Master Xu Yun developed this policy as a response to a group of decadent Chinese monks returning from Japan with wives and children, who claimed that Japanese culture (which allowed Buddhist monks and nuns to marry, drank wine and eat meat) was superior to China’s Buddhist culture, and that modern China should copy Japan and ‘abolish’ the Buddha’s Vinaya Discipline. Master Xu Yun had lived through the Imperial Japanese invasion and occupation of China in the 1930’s and 1940’s – and had experienced first-hand the war crimes and atrocities that the Japanese troops had inflicted upon the men, women and children of China. Master Xu Yun – after listening to this nonsense – smacked his hand down on the table and demanded that the ‘new’ Chinese government formally recognise the Vinaya Discipline infront of Zhou Enlai who looked at Mao Zedong. Mao Zedong nodded his approval and the law was changed in favour of Master Xu Yun’s reform.
This episode was witnessed by and is common knowledge in China, but is omitted from the version of Xu Yun’s biography in the West entitled ‘Empty Cloud’ (translated into English by Charles Luk), as its Chinese language compiler and editor – Cen Xue Lu – was an ardent Nationalist who added disinformation here and there (such as Chinese Buddhist temples being destroyed, or that monks and nuns had been forced back into lay life – allegations that carry no historical weight), and left-out well-known facts that painted the new ‘Communist government in a good light. Infact, in Cen Xue Lu’s Chinese language biography he readily admits that the Nationalist government (that he worked for) routinely demolished Daoist and Buddhist temples to clear land for modern buildings well before the Communists came to power in 1949. Cen Xue Lu distanced himself from these destructive policies only after he had first met Master Xu Yun and became his disciple.
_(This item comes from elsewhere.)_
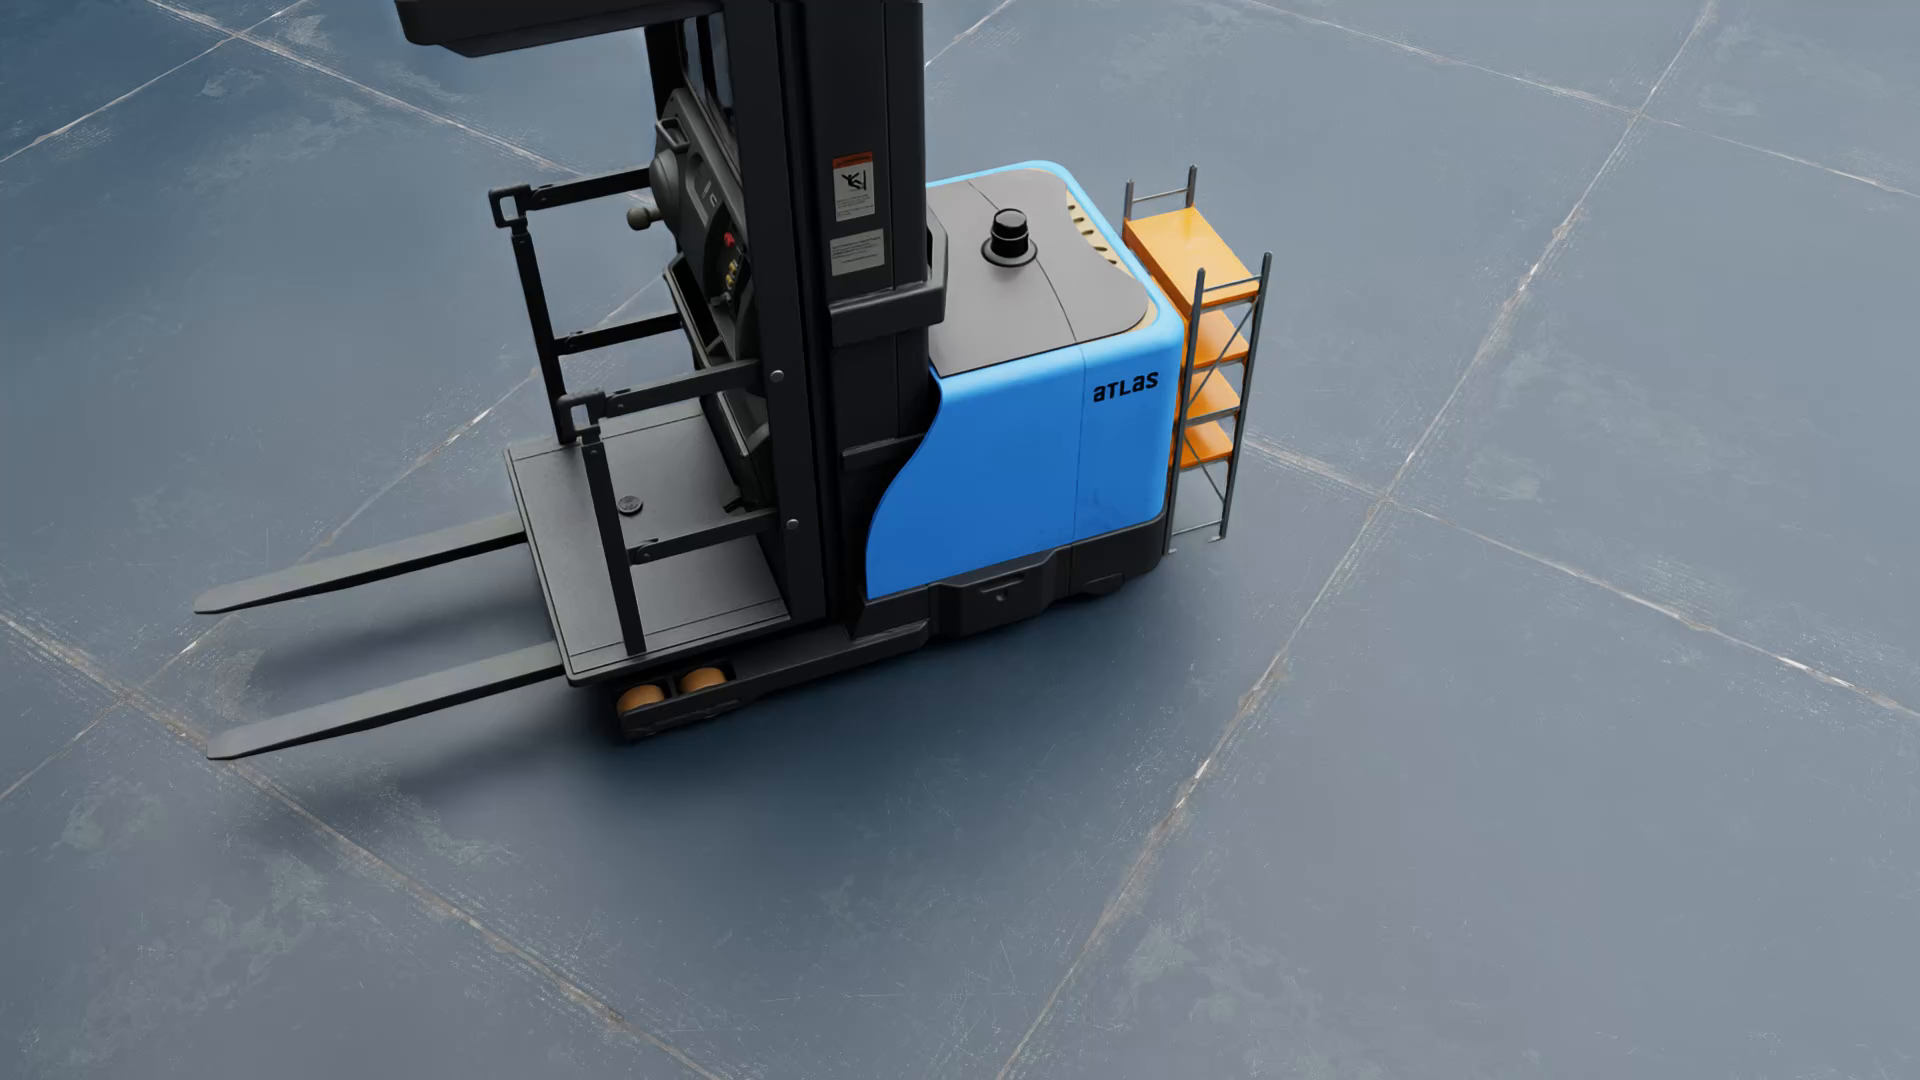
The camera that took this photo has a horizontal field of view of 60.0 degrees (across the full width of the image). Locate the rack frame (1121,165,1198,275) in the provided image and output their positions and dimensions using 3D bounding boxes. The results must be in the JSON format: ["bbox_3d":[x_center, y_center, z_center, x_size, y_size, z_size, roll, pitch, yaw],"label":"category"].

In 1928, the Nationalist government ruthlessly destroyed the famous Shaolin Temple in Henan – the birth place of Ch’an Buddhism in China – and yet Cen Xue Lu has Master Xu Yun saying ‘nothing’ about this atrocity in ‘Empty Cloud’! Cen Xue Lu implies that the Communist government initiated this destructive policy when it was a prior and well established Nationalist policy supported by the Western imperialist presence (as it assisted the colonial policy of destroying indigenous Chinese culture). The same odd policy of displacing information occurs with Cen Xue Lu’s treatment of Tibet, and his assertion that Master Xu Yun was ‘beaten up’ just prior to travelling to the Buddhist meeting mentioned above. In his biography Master Xu Yun simply states that ‘misfortune’ befell him – which is usually taken to mean that he was referring to an illness he suffered. Cen Xue Lu was careful not to put words into Master Xu Yun’s mouth, but his editing leaves a lot to be desired.